Şunu söylemeliyim ki, kullandığım ham işlemciyi değiştirerek bu kadar büyük bir fark gördüğüme çok şaşırdım. Tüm farklı araçların farklı şeyler yaptığı göz önüne alındığında, tamamen düzenlenmiş görüntülerle adil bir test yapmanın gerçekten mümkün olmadığı göz önüne alındığında, kaydırıcılar bile aralarında farklı şekilde kalibre edilmiş olabilir. kendi bakış açısına göre, ama en azından gerçekten somut bir fark olduğunu gösteriyor.

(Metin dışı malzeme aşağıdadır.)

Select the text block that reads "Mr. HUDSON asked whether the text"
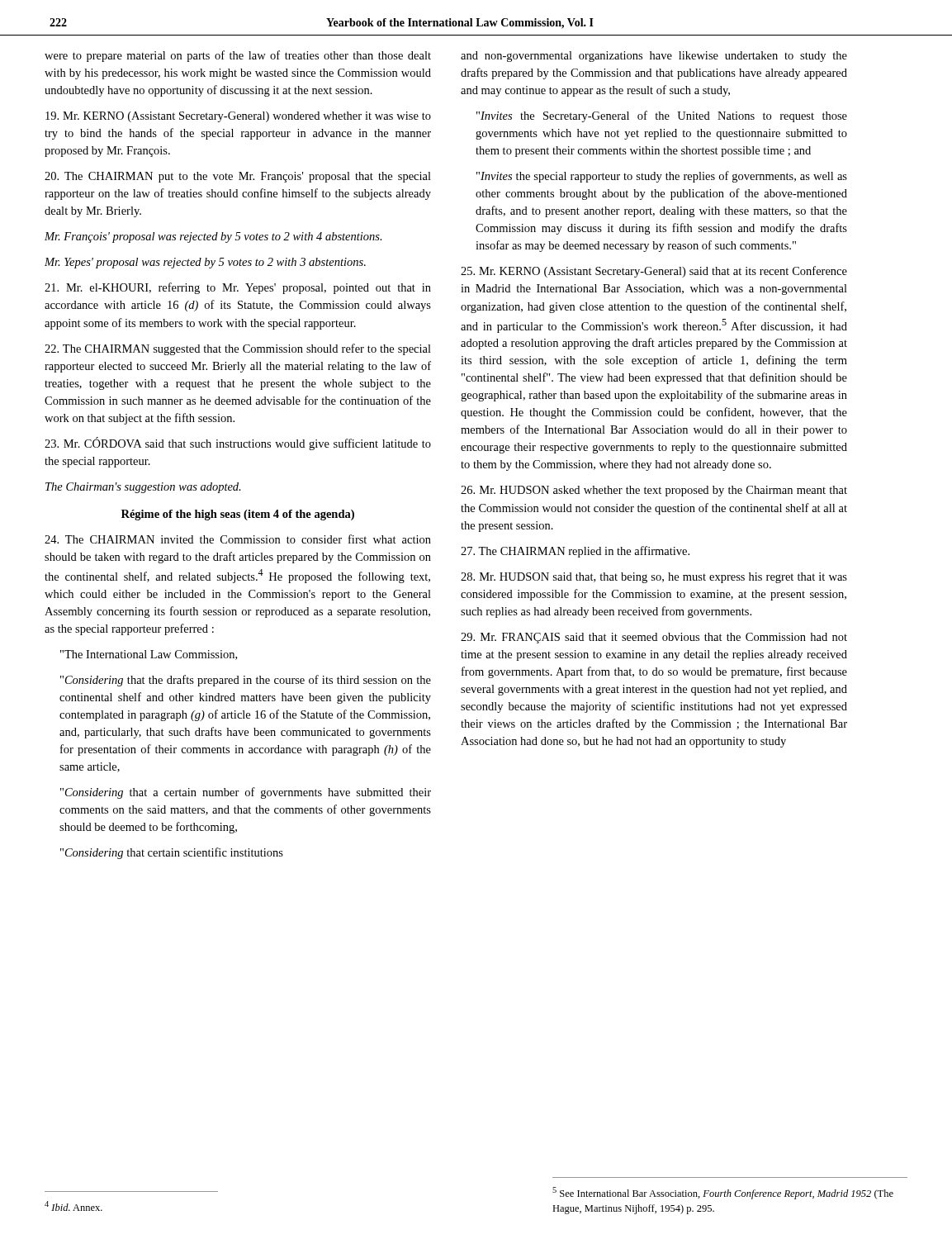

Hangi kamera sistemini benimsemiş olursanız olun, kendi görüntülerinizle denemeler yapmanızı ve sonuçları, iş akışını veya performansı bir diğerine göre beğenip beğenmediğinizi görmenizi tavsiye ederim. Lightroom Classic’ten çok daha modern ve duyarlı göründüğü için Capture One’a kesinlikle daha derin bir bakış sunacağım, ancak bundan sonra kesinlikle dışa aktarımlarımı inceleyeceğim. Ama belki de bu sadece içimdeki kompulsif piksel gözetleyicinin konuşmasıdır.

İlgili Makaleler

Bir yanıt yazın

Bu site, istenmeyenleri azaltmak için Akismet kullanıyor. Yorum verilerinizin nasıl işlendiği hakkında daha fazla bilgi edinin.

Başa dön tuşu

Reklam Engelleyici Algılandı

Lütfen SanalSergi'yi gezerken reklam engelleyicinizi kapatın. Açık kalması durumunda site içerisinde içeriklerde kısıtlı erişim sağlayabilirsiniz. Desteğiniz için teşekkürler.